[MATERIAL SUPPLIED Boundary: Start]

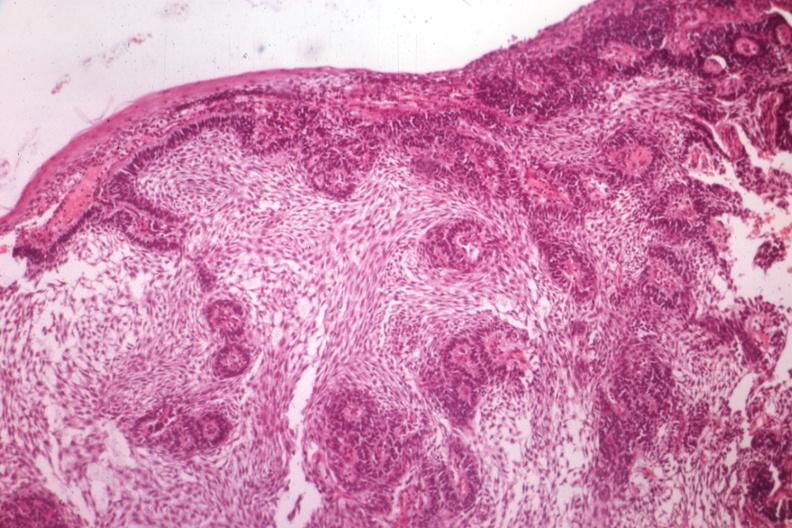what is the unknown origin in mandible?
Answer the question using a single word or phrase. A guess 
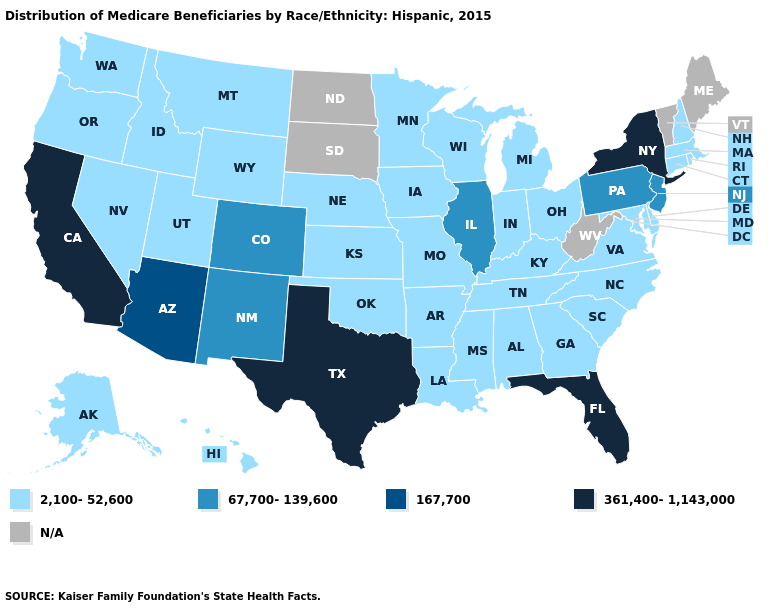Name the states that have a value in the range 361,400-1,143,000?
Concise answer only. California, Florida, New York, Texas. Name the states that have a value in the range 361,400-1,143,000?
Keep it brief. California, Florida, New York, Texas. What is the value of Oregon?
Write a very short answer. 2,100-52,600. Name the states that have a value in the range 2,100-52,600?
Concise answer only. Alabama, Alaska, Arkansas, Connecticut, Delaware, Georgia, Hawaii, Idaho, Indiana, Iowa, Kansas, Kentucky, Louisiana, Maryland, Massachusetts, Michigan, Minnesota, Mississippi, Missouri, Montana, Nebraska, Nevada, New Hampshire, North Carolina, Ohio, Oklahoma, Oregon, Rhode Island, South Carolina, Tennessee, Utah, Virginia, Washington, Wisconsin, Wyoming. What is the value of Massachusetts?
Keep it brief. 2,100-52,600. What is the highest value in the USA?
Keep it brief. 361,400-1,143,000. What is the lowest value in the USA?
Keep it brief. 2,100-52,600. Does Texas have the highest value in the South?
Be succinct. Yes. What is the highest value in states that border Maryland?
Concise answer only. 67,700-139,600. What is the value of West Virginia?
Quick response, please. N/A. What is the highest value in states that border Missouri?
Write a very short answer. 67,700-139,600. Which states have the lowest value in the Northeast?
Concise answer only. Connecticut, Massachusetts, New Hampshire, Rhode Island. Name the states that have a value in the range N/A?
Be succinct. Maine, North Dakota, South Dakota, Vermont, West Virginia. 
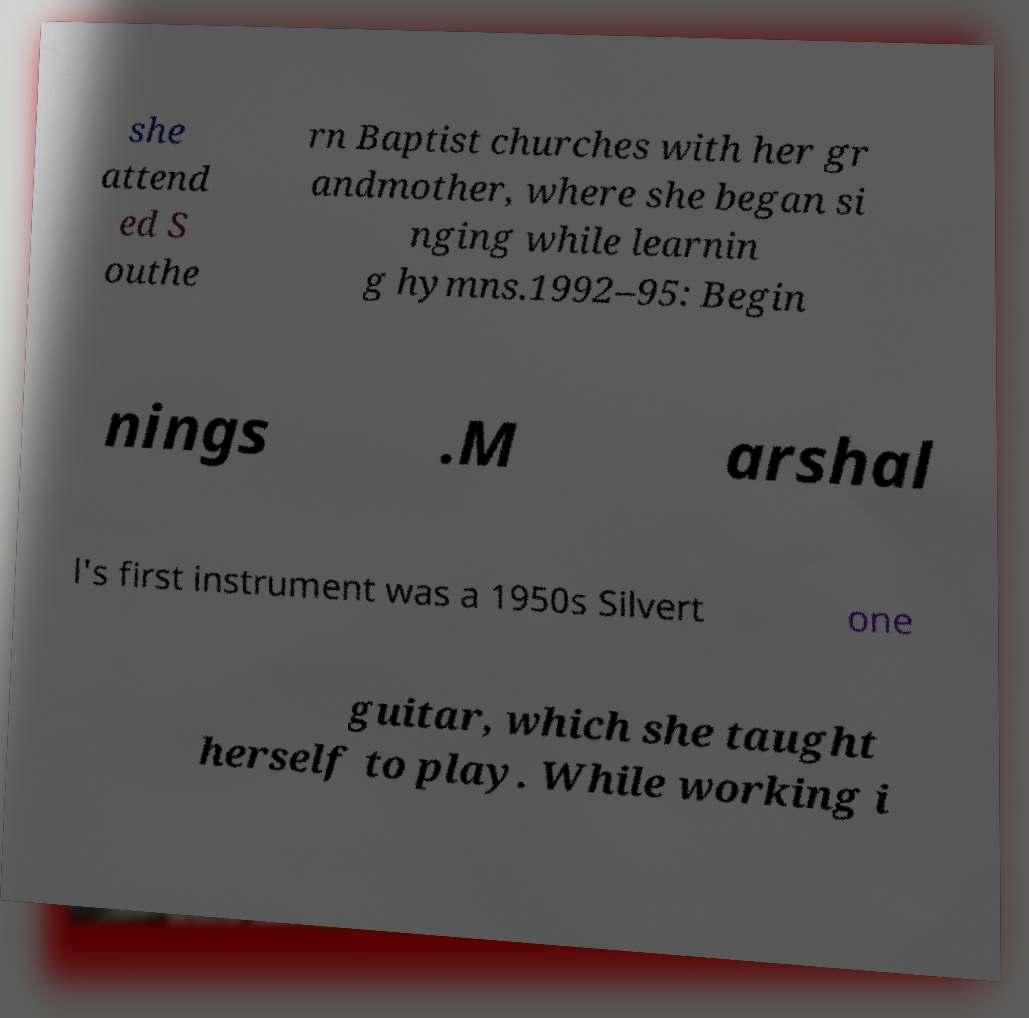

[MATERIAL SUPPLIED Boundary: End]

- PROBLEM DESCRIPTION -
Your copy should consist only of the lines from the one containing "Be succinct. Yes." through the last line of the entries above, reproduced exactly, without pictures.

- EXERCISE SOLUTION -
Be succinct. Yes. What is the highest value in states that border Maryland?
Concise answer only. 67,700-139,600. What is the value of West Virginia?
Quick response, please. N/A. What is the highest value in states that border Missouri?
Write a very short answer. 67,700-139,600. Which states have the lowest value in the Northeast?
Concise answer only. Connecticut, Massachusetts, New Hampshire, Rhode Island. Name the states that have a value in the range N/A?
Be succinct. Maine, North Dakota, South Dakota, Vermont, West Virginia. 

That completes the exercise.